Note 1: Stratospheric ozone: In the stratosphere oxygen atom (O) formed in the photolysis of oxygen (O2) by ultraviolet (UV) light in the sun radiation produces ozone (O3). Ozone is in turn photolyzed to regenerate O an O2 by absorbing UV light, which is harmful to living thing on the earth.
Note 2: Tropospheric (surface) ozone: In the troposphere ozone is produced from oxygen atoms formed in the photolysis of nitrogen dioxide (NO2) emitted from automobiles and factories. Ozone is a major component of photochemical smog and toxic air pollutants to living things. According to IPCC Third Assessment Report, ozone is recognized as the third most important greenhouse gases following to carbon dioxide and methane.

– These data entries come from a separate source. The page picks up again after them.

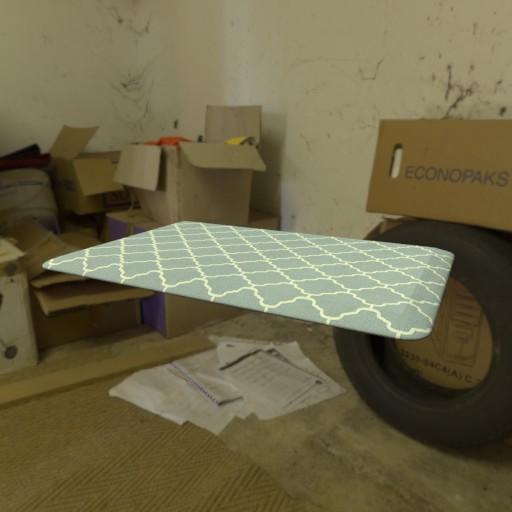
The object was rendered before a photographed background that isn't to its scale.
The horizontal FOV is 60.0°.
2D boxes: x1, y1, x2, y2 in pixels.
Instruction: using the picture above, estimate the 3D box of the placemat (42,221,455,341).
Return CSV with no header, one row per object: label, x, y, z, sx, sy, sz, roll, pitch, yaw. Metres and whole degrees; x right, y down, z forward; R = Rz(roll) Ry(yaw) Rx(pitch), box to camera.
placemat,0.000,0.000,0.956,0.762,0.021,0.508,8,17,26
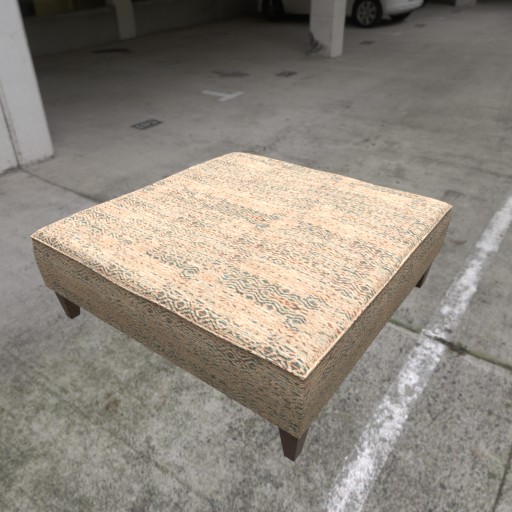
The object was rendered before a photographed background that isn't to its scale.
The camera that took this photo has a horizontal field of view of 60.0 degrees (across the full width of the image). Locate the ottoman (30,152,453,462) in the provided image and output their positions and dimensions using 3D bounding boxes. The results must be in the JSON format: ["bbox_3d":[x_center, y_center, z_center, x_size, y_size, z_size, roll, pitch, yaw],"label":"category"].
[{"bbox_3d":[0.000,0.000,1.498,0.968,0.356,1.004,21,37,30],"label":"ottoman"}]
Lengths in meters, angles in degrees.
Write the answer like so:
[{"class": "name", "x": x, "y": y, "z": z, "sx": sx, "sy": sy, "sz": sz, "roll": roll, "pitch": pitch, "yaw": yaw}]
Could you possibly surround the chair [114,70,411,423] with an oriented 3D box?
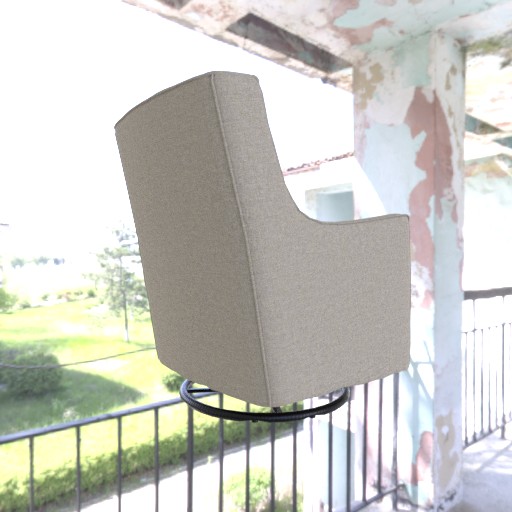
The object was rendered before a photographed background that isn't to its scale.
[{"class": "chair", "x": 0.000, "y": 0.000, "z": 1.590, "sx": 0.879, "sy": 0.993, "sz": 0.732, "roll": -1, "pitch": 1, "yaw": -38}]
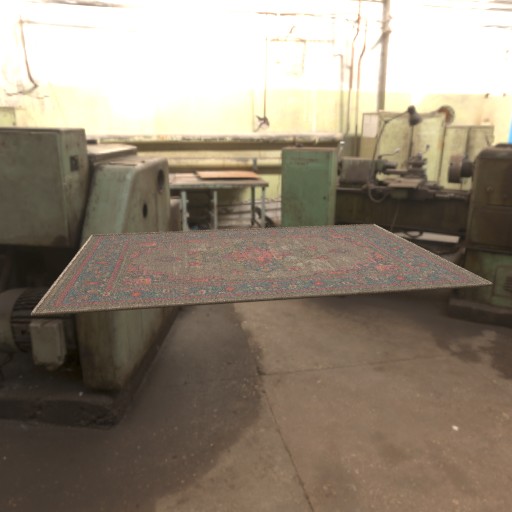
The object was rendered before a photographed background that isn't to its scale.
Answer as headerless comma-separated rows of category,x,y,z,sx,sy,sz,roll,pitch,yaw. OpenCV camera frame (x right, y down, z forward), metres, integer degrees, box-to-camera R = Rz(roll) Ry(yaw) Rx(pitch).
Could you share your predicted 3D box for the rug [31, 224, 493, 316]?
rug,0.000,0.000,2.178,1.748,0.014,1.144,-3,17,-9
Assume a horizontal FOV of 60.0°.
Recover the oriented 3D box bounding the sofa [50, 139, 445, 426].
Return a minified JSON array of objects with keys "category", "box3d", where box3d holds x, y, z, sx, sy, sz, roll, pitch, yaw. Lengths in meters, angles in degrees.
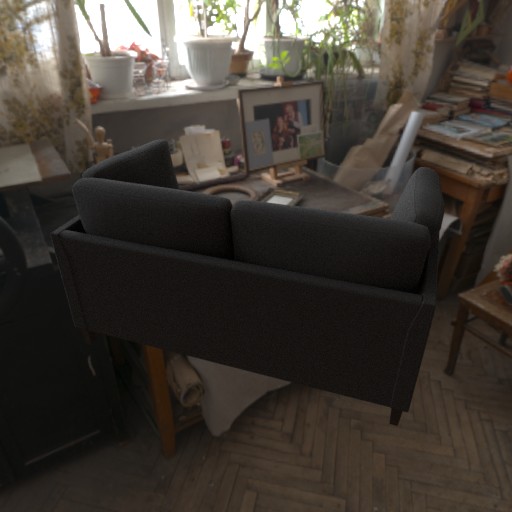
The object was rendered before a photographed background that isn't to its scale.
[{"category":"sofa","box3d":[0.000,0.000,2.331,1.751,0.920,0.969,10,32,16]}]
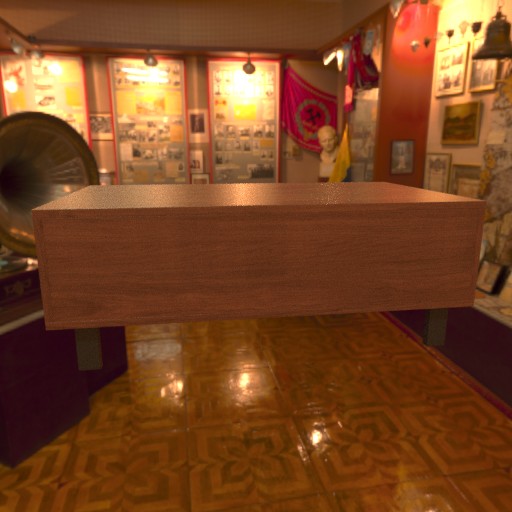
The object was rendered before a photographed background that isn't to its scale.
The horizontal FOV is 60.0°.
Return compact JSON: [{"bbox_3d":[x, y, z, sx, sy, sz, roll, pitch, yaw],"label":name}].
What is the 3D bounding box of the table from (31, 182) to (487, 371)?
[{"bbox_3d":[0.000,0.000,1.314,1.020,0.380,0.600,-2,14,-8],"label":"table"}]
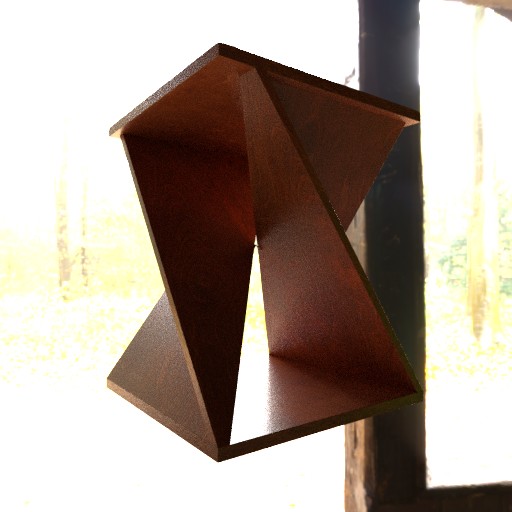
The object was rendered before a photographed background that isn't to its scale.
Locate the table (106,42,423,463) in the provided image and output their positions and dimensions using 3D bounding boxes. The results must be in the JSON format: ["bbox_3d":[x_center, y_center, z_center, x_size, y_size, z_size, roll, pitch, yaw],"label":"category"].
[{"bbox_3d":[0.000,0.000,0.843,0.427,0.520,0.427,1,-2,-36],"label":"table"}]
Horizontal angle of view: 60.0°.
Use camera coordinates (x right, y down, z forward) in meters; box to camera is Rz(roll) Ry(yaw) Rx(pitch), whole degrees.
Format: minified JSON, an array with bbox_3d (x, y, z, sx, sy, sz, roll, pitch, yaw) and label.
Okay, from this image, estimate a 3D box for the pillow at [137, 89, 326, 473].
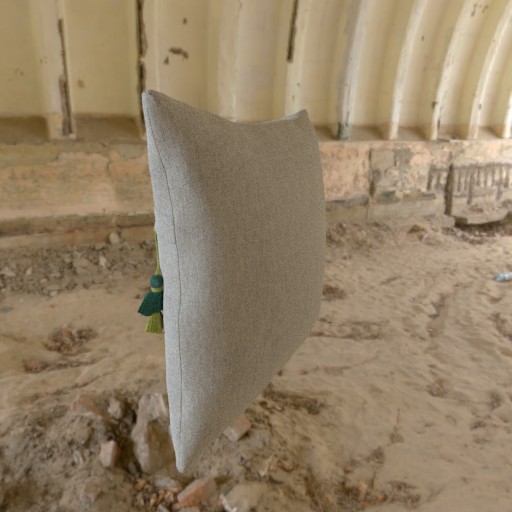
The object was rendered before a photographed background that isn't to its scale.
[{"bbox_3d":[0.000,0.000,0.664,0.173,0.436,0.433,8,17,26],"label":"pillow"}]
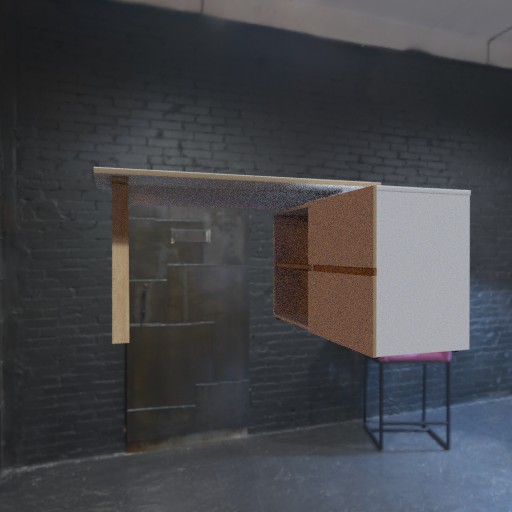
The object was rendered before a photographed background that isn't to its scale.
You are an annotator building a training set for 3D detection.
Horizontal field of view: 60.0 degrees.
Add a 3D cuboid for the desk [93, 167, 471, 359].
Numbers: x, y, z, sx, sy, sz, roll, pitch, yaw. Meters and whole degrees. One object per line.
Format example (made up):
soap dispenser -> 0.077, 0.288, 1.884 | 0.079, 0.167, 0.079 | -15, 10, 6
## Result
desk -> 0.000, 0.000, 2.031 | 1.404, 0.755, 1.098 | 0, 0, -18
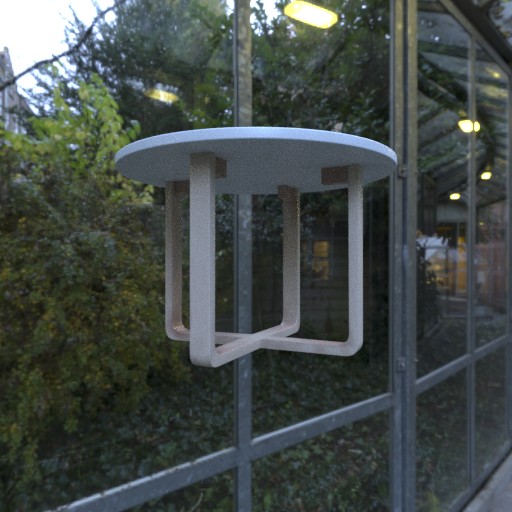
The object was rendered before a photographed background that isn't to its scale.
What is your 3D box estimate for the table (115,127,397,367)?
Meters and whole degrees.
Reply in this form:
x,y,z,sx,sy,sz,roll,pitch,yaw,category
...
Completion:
x,y,z,sx,sy,sz,roll,pitch,yaw,category
0.000,0.000,0.989,0.600,0.400,0.600,0,0,0,table
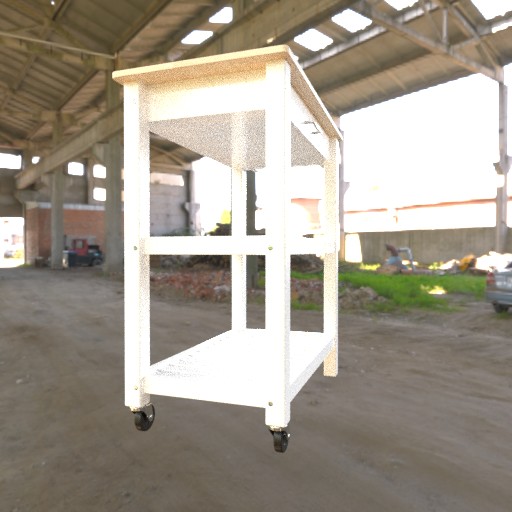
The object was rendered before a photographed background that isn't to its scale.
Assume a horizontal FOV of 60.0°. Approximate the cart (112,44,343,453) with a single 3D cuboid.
[{"bbox_3d":[0.000,0.000,1.460,0.457,0.927,0.899,0,1,19],"label":"cart"}]
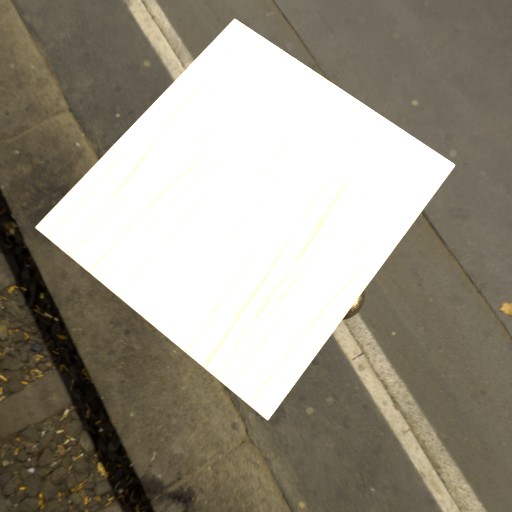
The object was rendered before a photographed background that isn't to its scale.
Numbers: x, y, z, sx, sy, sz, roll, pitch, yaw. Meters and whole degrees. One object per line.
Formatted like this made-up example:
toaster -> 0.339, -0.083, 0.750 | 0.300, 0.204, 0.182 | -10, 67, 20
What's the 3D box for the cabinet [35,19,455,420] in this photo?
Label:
cabinet -> 0.000, 0.000, 0.858 | 0.401, 0.579, 0.409 | 37, 79, 9
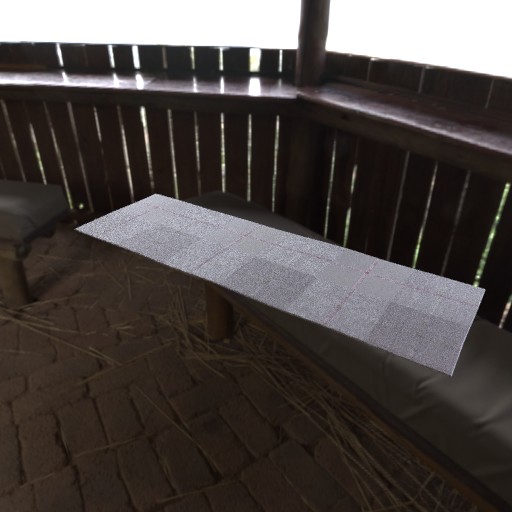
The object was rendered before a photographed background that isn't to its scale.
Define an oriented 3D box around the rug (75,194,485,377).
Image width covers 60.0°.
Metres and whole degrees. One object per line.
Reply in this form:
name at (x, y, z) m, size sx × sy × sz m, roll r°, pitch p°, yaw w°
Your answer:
rug at (0.000, 0.000, 2.683) m, size 2.439 × 0.013 × 0.762 m, roll 18°, pitch 35°, yaw 29°
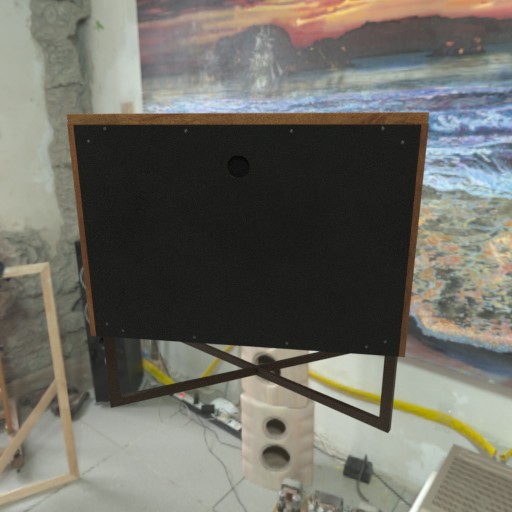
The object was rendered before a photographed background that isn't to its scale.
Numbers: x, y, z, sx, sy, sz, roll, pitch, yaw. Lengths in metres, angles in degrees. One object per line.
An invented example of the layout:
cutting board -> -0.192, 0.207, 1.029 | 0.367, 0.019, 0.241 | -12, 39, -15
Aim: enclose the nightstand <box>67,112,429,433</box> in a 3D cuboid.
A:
nightstand -> 0.000, 0.000, 1.024 | 0.613, 0.615, 0.427 | 2, 16, 8
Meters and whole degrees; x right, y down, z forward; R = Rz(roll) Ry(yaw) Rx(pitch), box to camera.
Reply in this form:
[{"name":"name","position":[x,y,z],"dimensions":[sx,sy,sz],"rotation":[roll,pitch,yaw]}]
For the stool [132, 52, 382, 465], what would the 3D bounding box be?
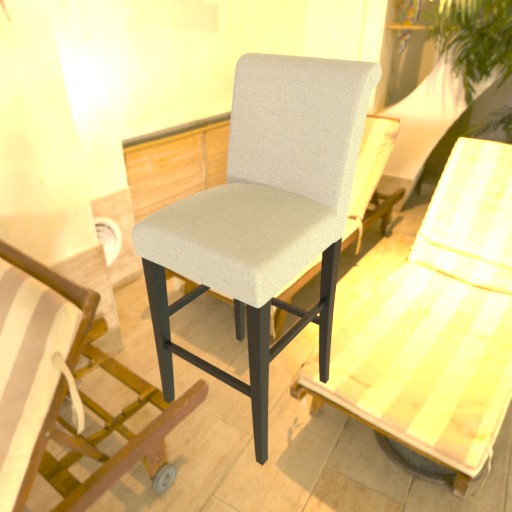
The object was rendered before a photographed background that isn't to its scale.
[{"name":"stool","position":[0.000,0.000,1.417],"dimensions":[0.452,1.124,0.597],"rotation":[20,36,31]}]
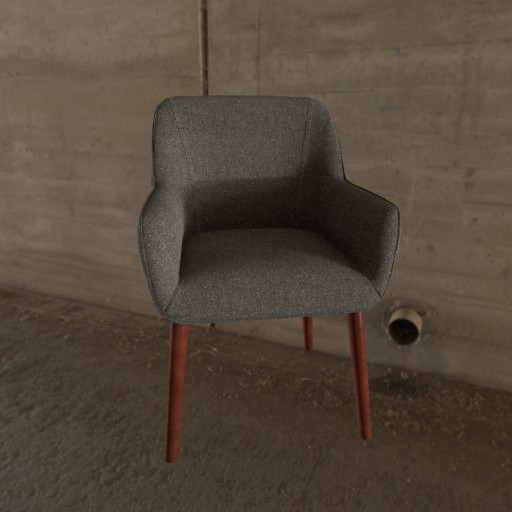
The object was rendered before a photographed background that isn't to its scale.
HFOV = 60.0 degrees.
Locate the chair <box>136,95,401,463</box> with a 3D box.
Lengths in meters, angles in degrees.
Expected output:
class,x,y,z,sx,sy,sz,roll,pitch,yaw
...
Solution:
class,x,y,z,sx,sy,sz,roll,pitch,yaw
chair,0.000,0.000,1.148,0.543,0.803,0.519,-3,18,-9
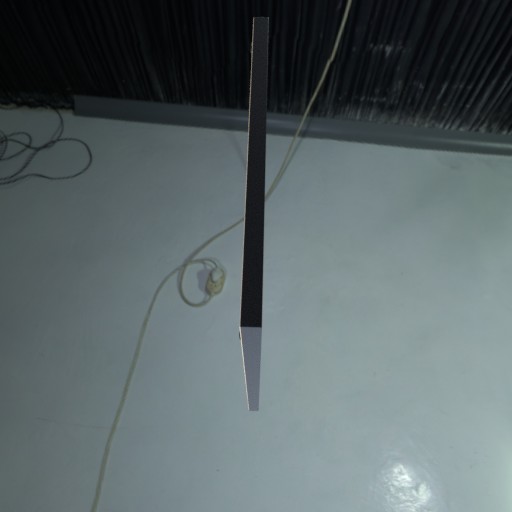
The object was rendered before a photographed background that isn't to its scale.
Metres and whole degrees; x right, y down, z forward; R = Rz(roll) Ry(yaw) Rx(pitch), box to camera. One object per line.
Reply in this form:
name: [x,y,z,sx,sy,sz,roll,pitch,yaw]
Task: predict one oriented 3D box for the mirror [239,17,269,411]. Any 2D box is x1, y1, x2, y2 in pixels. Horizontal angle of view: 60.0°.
mirror: [0.000,0.000,1.338,0.040,1.016,0.762,1,64,1]
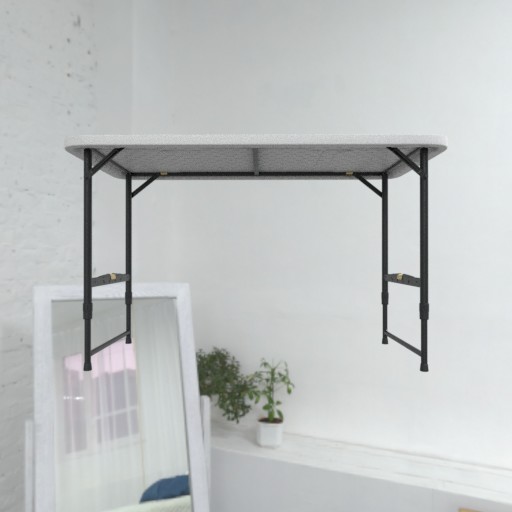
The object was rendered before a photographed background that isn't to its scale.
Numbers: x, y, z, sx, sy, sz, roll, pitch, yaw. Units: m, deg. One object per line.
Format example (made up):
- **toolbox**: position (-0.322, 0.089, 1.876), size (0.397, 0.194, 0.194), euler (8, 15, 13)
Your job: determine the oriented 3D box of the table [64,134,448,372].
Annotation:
- **table**: position (0.000, 0.000, 1.645), size (1.219, 0.737, 0.610), euler (0, 0, 1)
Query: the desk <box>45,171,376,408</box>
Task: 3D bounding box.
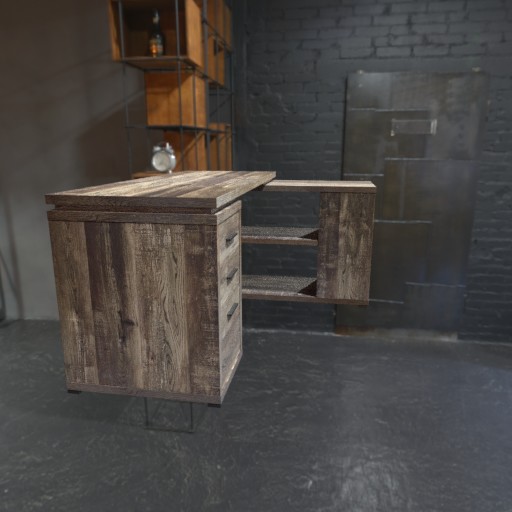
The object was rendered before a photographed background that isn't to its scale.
[{"bbox_3d":[0.000,0.000,2.229,1.200,0.753,1.524,2,14,9],"label":"desk"}]
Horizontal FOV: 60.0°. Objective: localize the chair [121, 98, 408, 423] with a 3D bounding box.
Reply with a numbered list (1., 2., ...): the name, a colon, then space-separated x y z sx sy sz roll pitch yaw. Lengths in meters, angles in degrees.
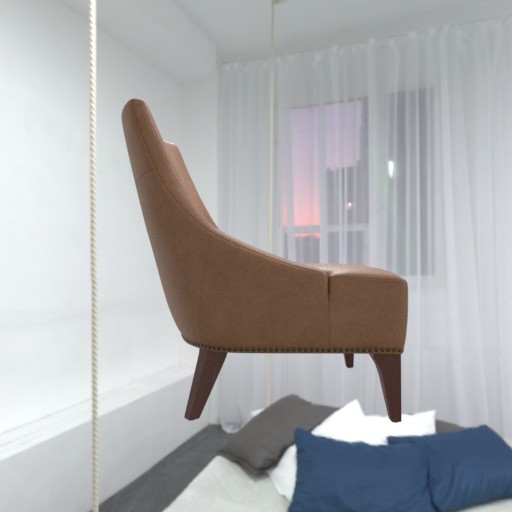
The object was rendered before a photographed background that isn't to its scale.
1. chair: 0.000 0.000 1.522 0.861 0.909 0.701 0 -1 1
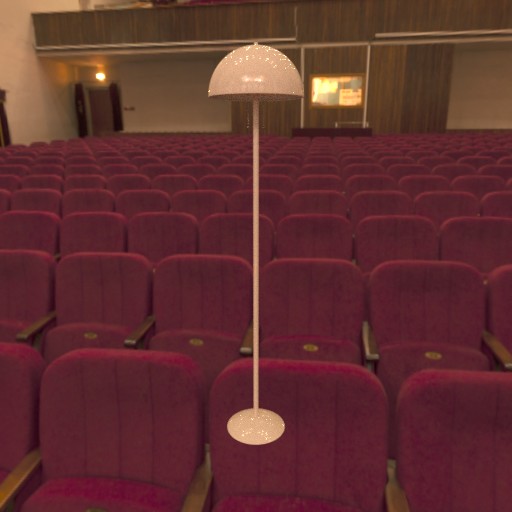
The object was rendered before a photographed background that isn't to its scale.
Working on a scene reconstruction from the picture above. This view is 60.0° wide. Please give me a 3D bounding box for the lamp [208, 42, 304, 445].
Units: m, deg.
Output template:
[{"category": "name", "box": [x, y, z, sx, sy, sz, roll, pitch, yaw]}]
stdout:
[{"category": "lamp", "box": [0.000, 0.000, 1.677, 0.328, 1.480, 0.328, 2, 15, 8]}]
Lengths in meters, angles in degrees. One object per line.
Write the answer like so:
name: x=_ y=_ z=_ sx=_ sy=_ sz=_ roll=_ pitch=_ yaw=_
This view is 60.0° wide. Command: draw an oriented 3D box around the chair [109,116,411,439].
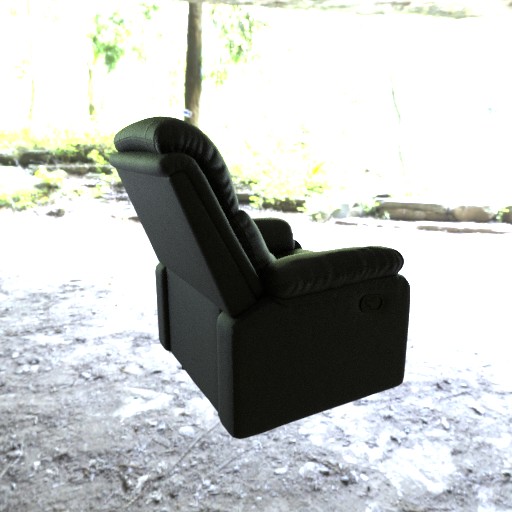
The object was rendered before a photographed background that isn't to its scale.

Note3: CHASER (Chemical AGCM for Study of Atmospheric Environment and Radiative Forcing) : Chemical-climate model in which photochemistry is incorporated CCSR/NIES/ FRSGC atmospheric general circulation model (AGCM). It can calculate emission, atmospheric transport, chemical reaction wet removal etc. of precursor pollutants such as nitrogen oxides (NOx), carbon monoxide (CO), sulfur dioxide (SO2), and simulate formation and global distribution of ozone, sulfate aerosol, etc.
Note4: Hadley Circulation: Atmospheric circulation which rises near equator and descend near 30 degree north and south.